Reproduce each record exactly, but exclude every picture.

### DATA SUPPLIED

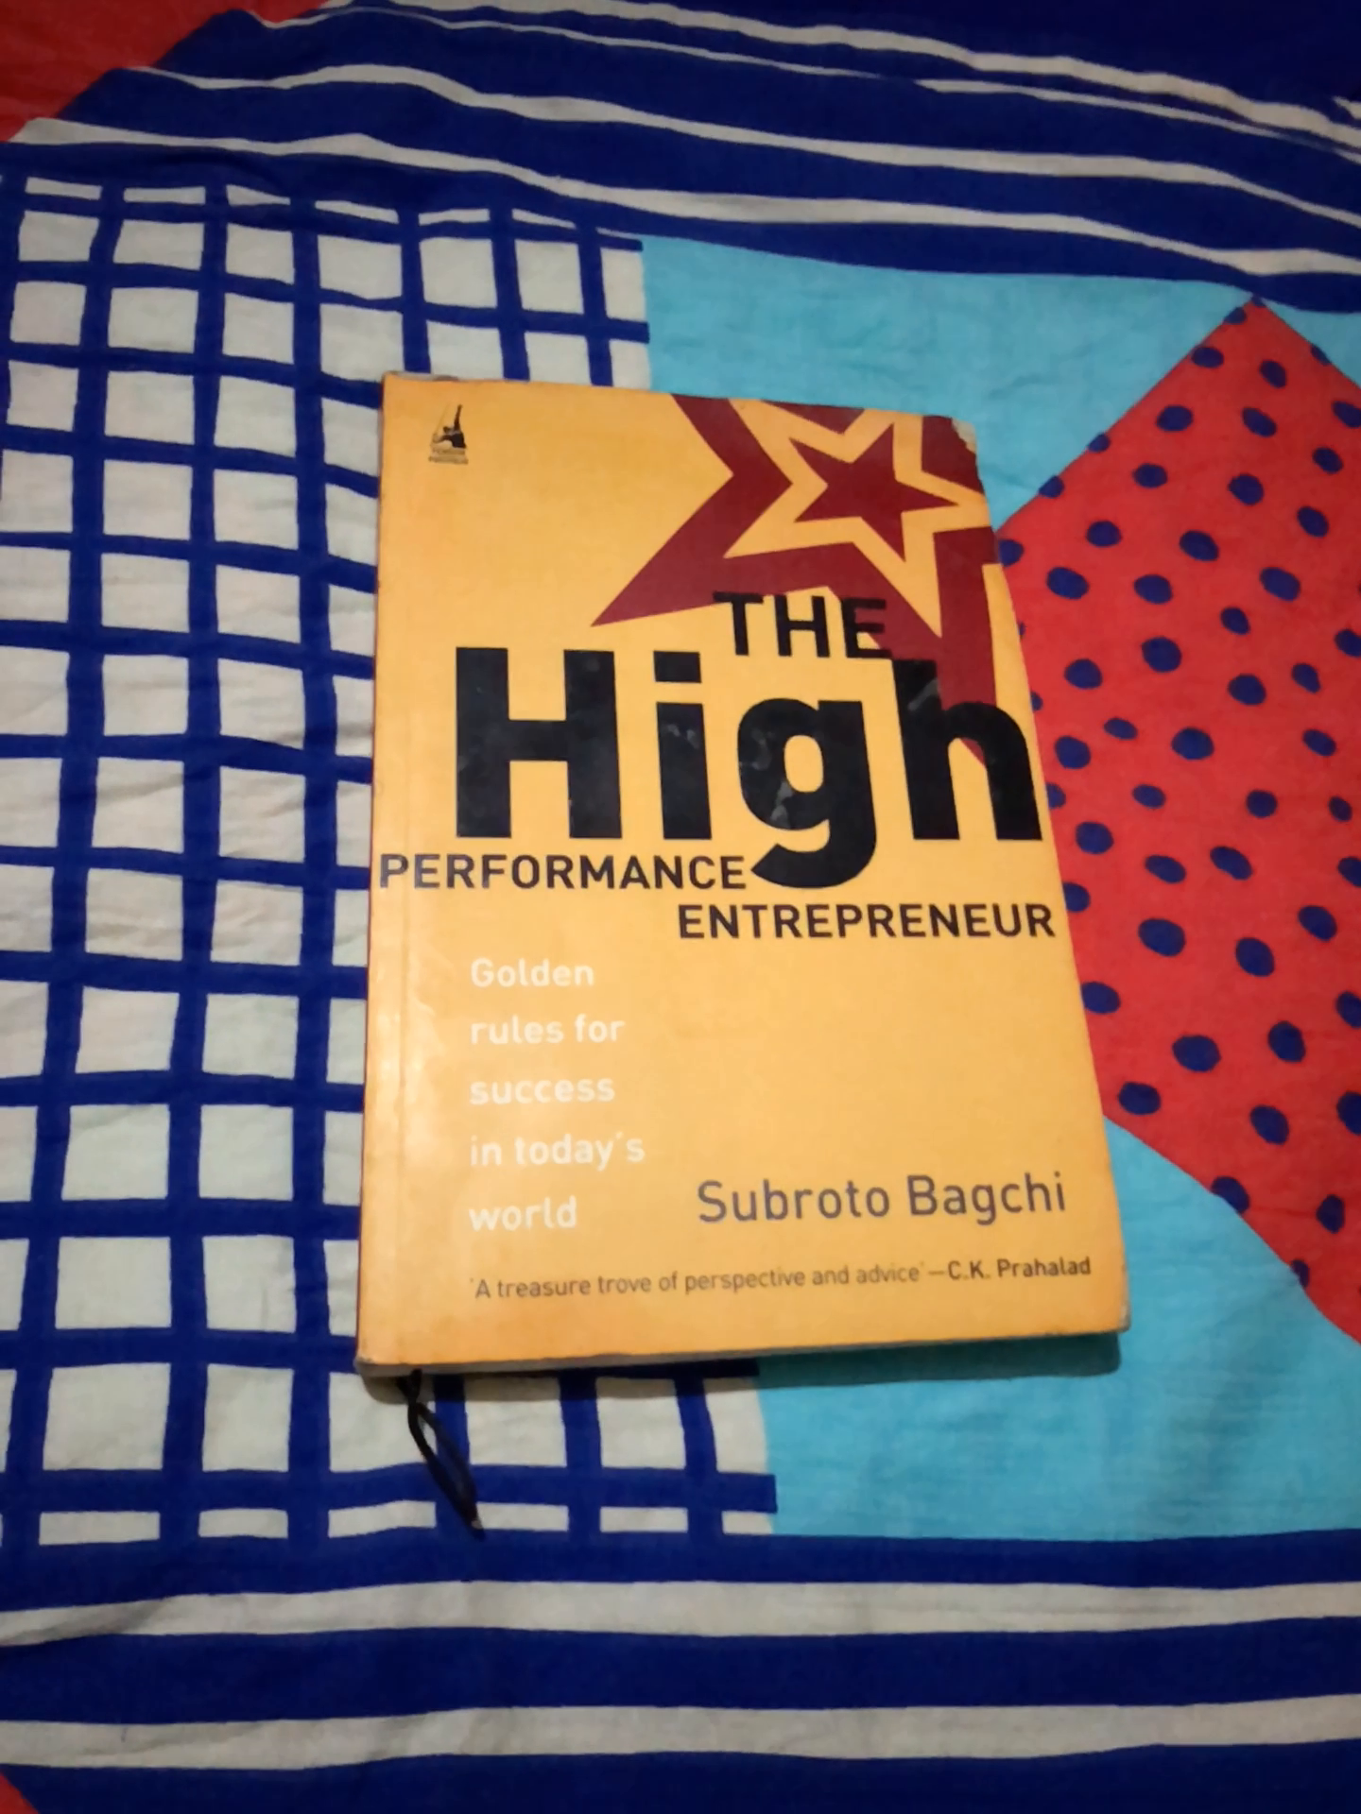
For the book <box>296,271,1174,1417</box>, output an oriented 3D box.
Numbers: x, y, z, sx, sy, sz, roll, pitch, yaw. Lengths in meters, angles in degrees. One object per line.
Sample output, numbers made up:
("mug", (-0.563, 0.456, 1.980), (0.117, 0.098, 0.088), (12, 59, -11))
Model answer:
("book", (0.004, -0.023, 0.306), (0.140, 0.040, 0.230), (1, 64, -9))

######

WRITTEN RESPONSE.
For the book <box>296,271,1174,1417</box>, output an oriented 3D box.
Numbers: x, y, z, sx, sy, sz, roll, pitch, yaw. Lengths in meters, angles in degrees. One object per line.
Sample output, numbers made up:
("mug", (-0.563, 0.456, 1.980), (0.117, 0.098, 0.088), (12, 59, -11))
Model answer:
("book", (0.004, -0.023, 0.306), (0.140, 0.040, 0.230), (1, 64, -9))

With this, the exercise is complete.